In the structure, the SoC 102 further includes a sleep control module 1025 for causing the SoC 102 to switch between the sleep mode and the working mode under the control of the central processor 1021. Here, when the SoC 102 receives the control command, the SoC 102 can be controlled to perform the transition in the sleep mode and the work mode.

In the structure, the SoC 102 further includes a global positioning system (GPS) module 1026 and a wireless communication module 1027 for respectively performing positioning and wireless communication on the SoC 102 under the control of the central processing unit 1021. Here, the wireless communication module 1027 can adopt a WiFi or Bluetooth mode.

In this configuration, a Universal Serial Bus (USB) interface 1028 is also included in the SoC for debugging the SoC or providing access to the camera 103.

In this configuration, the SoC further includes a storage unit 1029 for storing the encoded transmission line image and then transmitting it to the baseband unit 1023 for processing.

In this configuration, the SoC 102 and the camera 103 are connected by a Mobile Industry Processor (MIPI) interface.

As can be seen from Figure 1, in the SoC, combined with high-speed communication mobile broadband technology such as 3G or 4G and powerful multimedia functions, 3D graphics function and GPS engine, can bring extremely high processing speed to monitoring equipment, very low Power consumption and realistic multimedia and comprehensive connectivity.

An application processor (AP) and a baseband processor (BP) are integrated in the SoC, including a baseband unit, a radio unit, a storage unit, a GPS module, image acquisition and encoding processing, WiFi, Bluetooth, and/or Functional modules such as the USB interface.

The baseband unit in the SoC includes various baseband system processing capabilities.
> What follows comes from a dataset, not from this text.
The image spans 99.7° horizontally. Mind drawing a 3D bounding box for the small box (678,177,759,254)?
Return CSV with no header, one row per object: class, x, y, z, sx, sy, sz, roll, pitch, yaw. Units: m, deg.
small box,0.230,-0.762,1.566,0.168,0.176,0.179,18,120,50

The baseband system includes baseband processing not limited to GSM, CDMA, CDMA2000, TD-WCDMA, and LTE. It is identified and processed by the baseband unit to satisfy multiple network standards. Demand. The transmission line image monitoring devices proposed in the background technology all adopt a single signal processing system, and the embedded system and the wireless module are different in the device, so the production management is troublesome. The monitoring device provided by the embodiment of the present invention can be unified and managed conveniently without distinguishing between the system and the hardware.
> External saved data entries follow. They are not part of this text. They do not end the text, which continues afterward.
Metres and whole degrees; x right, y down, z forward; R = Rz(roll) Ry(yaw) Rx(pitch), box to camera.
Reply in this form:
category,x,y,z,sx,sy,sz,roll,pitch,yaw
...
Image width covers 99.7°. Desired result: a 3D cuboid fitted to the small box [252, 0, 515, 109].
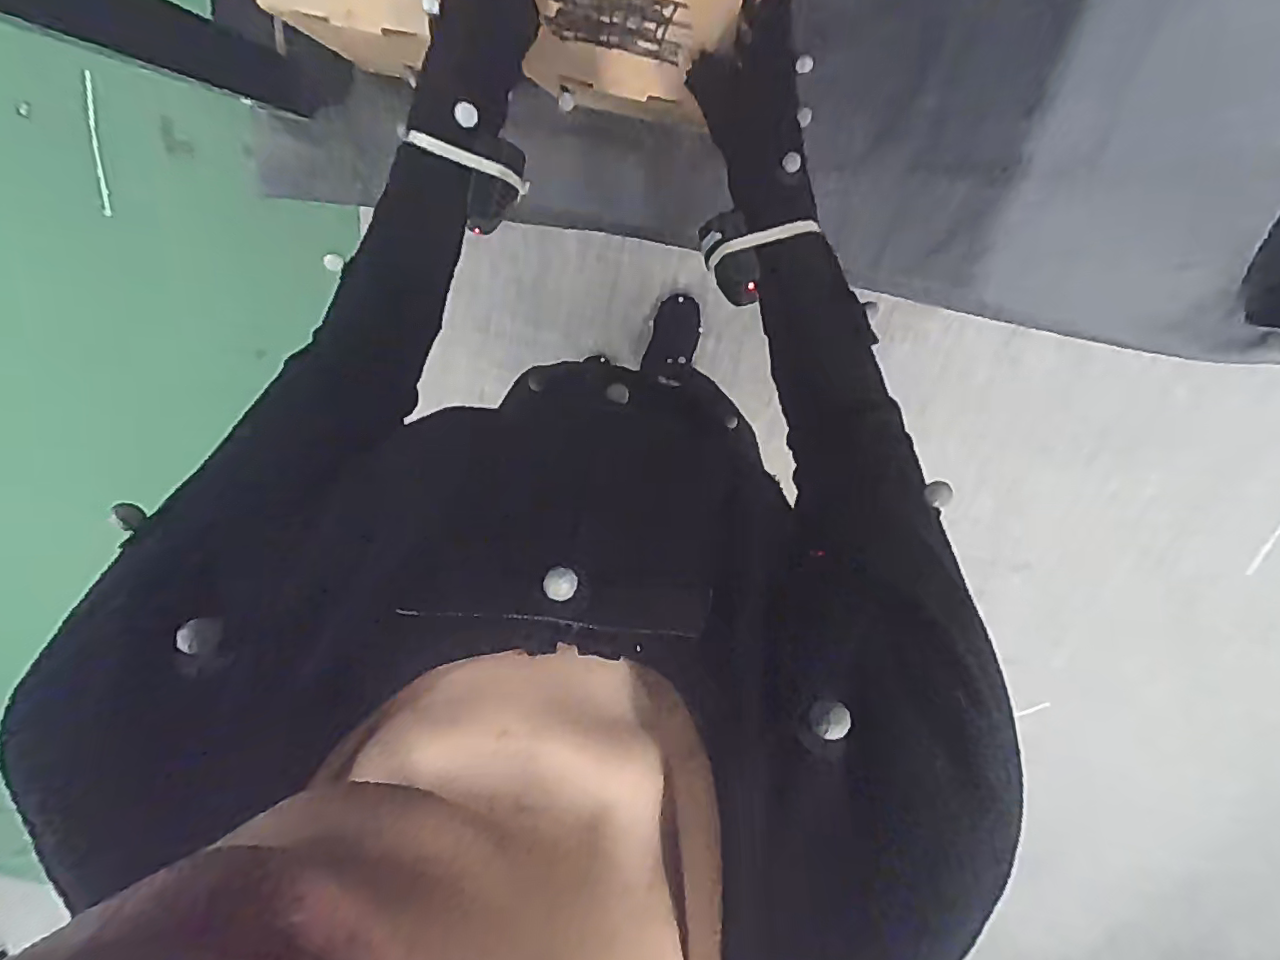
category,x,y,z,sx,sy,sz,roll,pitch,yaw
small box,-0.216,-0.469,0.486,0.168,0.176,0.179,10,112,0

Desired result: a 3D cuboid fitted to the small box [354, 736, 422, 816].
category,x,y,z,sx,sy,sz,roll,pitch,yaw
small box,-0.899,1.054,1.936,0.168,0.176,0.179,14,113,-1

The USB interface in the SoC can be used as a dedicated debugging interface, which is convenient for design and debugging. At the same time, the interface can also adapt to the camera access of the USB interface, and realize the dual camera or multi-camera extended shooting function; the standard WiFi and Bluetooth interfaces can be used for both. Extended access to other smart devices can also be used as a debug interface.

The MIPI interface in the SoC provides access to the camera. The image acquisition and encoding module in the SoC can convert the image captured by the camera into a picture or video format of a set format under the control of the central processor, and store it in the storage module. And then send to the specified server platform according to the set server address.
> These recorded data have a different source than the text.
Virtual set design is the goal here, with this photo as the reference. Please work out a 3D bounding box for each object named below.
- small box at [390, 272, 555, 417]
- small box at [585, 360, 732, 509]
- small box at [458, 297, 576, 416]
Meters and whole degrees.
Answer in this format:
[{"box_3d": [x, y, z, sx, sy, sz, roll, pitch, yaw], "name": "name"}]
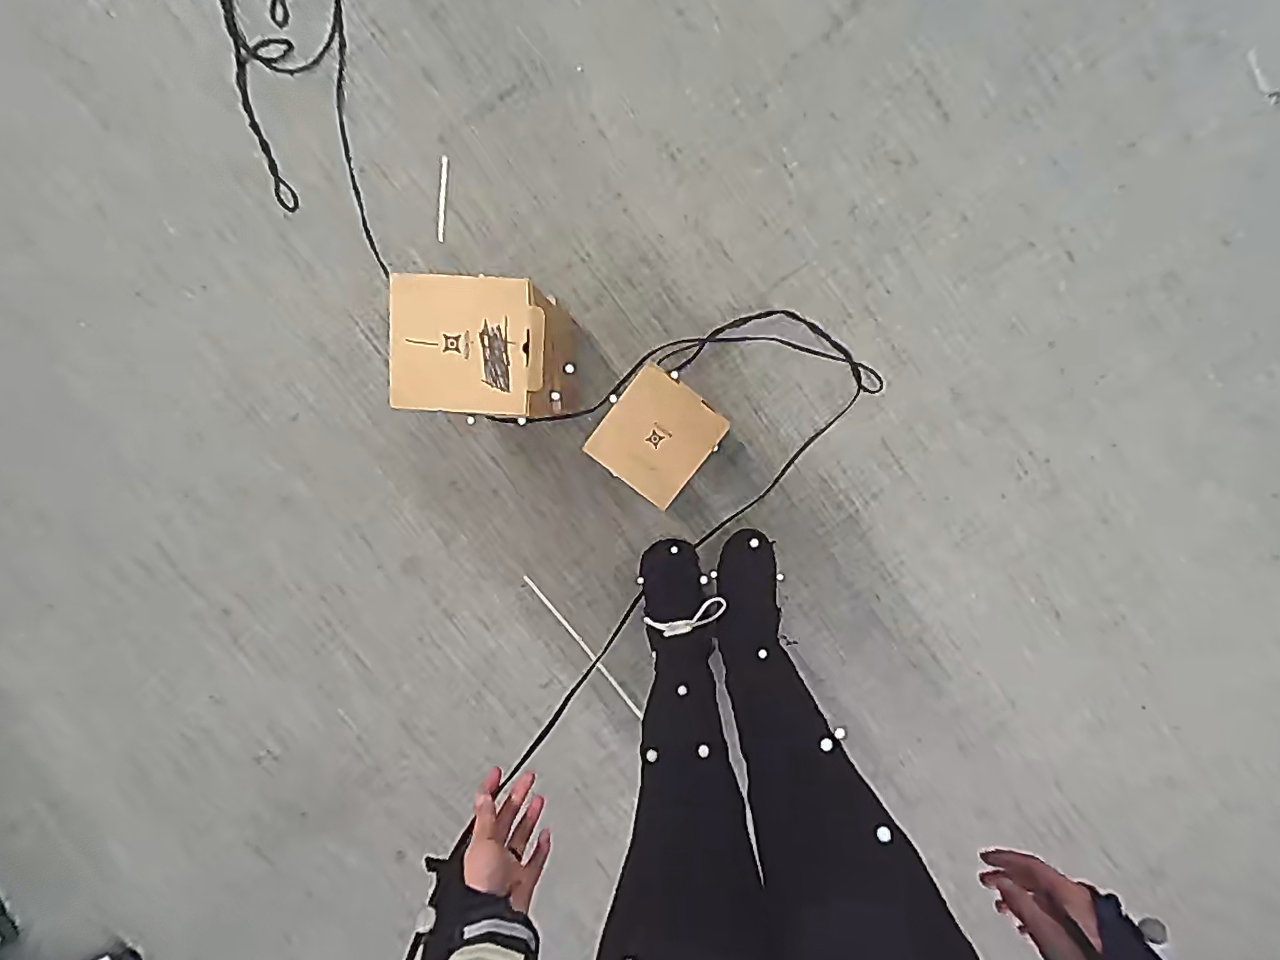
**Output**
[{"box_3d": [-0.217, -0.174, 0.739, 0.179, 0.176, 0.168, 3, 96, 2], "name": "small box"}, {"box_3d": [0.029, -0.079, 0.915, 0.168, 0.176, 0.179, 37, 97, -3], "name": "small box"}, {"box_3d": [-0.202, -0.198, 0.902, 0.168, 0.176, 0.179, -2, 97, 2], "name": "small box"}]

SoC supports a variety of embedded systems, integrated AP can develop a variety of different application designs, with good secondary development capabilities, while SoC itself has a strong storage capacity and extended storage capacity, can store a large amount of data information.

SoC has low power consumption in normal working mode, and can be controlled by internal registers to enter low-power sleep mode, baseband unit, storage unit, GPS module, image acquisition and encoding module, WiFi module and Bluetooth in SoC. The modules are all turned off, and only some functions of the RF unit are maintained. The power consumption in sleep mode is less than one percent of the normal mode, and only a few milliamps of standby current is required. The SoC can be quickly triggered by an external trigger signal or by an internal timer. Switch to working mode.

FIG. 2 is a flowchart of an image monitoring method for a power transmission line according to an embodiment of the present invention, where specific steps are as follows:

Step 201: The monitoring device comprises a SoC, a camera and a solar energy functional unit, the SoC is connected to the camera, the SoC and the camera are powered by the solar power supply unit, and the monitoring device is erected on the power transmission line;

Step 202: The SoC controls the camera to acquire the transmission line image in real time;

Step 203: The SoC encodes the acquired transmission line image and outputs it by wireless.

In the method, the encoding is performed by converting the transmission line image into a picture or video of a set format.

In the method, the wireless mode output is: performing baseband modulation on the encoded transmission line image, and performing radio output by using a radio frequency method.

The method further includes: the SoC has a sleep function, and performs conversion in the sleep mode and the work mode.

The method further includes: the SoC has a positioning function and a wireless communication function.

The method further includes: having a USB interface in the SoC, debugging the SoC or providing access to the camera 103.

The following is a specific example.

In this specific example, the SoC can be implemented using a Qualcomm model MSM8916 chip with a Subscriber Identity Module (SIM) card configured in the SoC. The SoC runs an Android system, and integrates a USB module, a WiFi module, an image acquisition and coding unit, and a 4G communication module in the SoC, supports the LTE system, and supports GPS positioning, and integrates a camera with an MIPI interface of 8 million pixels.

FIG. 3 is a flowchart of a specific example of an image monitoring method for a power transmission line according to an embodiment of the present invention, where specific steps are as follows:

Steps 301-303, the image monitoring device of the power transmission line is initialized, wherein the SoC starts the wireless communication network, and when the device automatically performs the communication network proofreading, the clock of the current communication network is acquired, and the file transmission protocol of the current communication network is simultaneously FTP) the server exchanges information and obtains various parameters of the server device;

Various parameters include configuration parameters such as server-side device switching time, number of photos taken, picture pixels, etc., and time-based photographing and transmission according to the working mode set by the parameters.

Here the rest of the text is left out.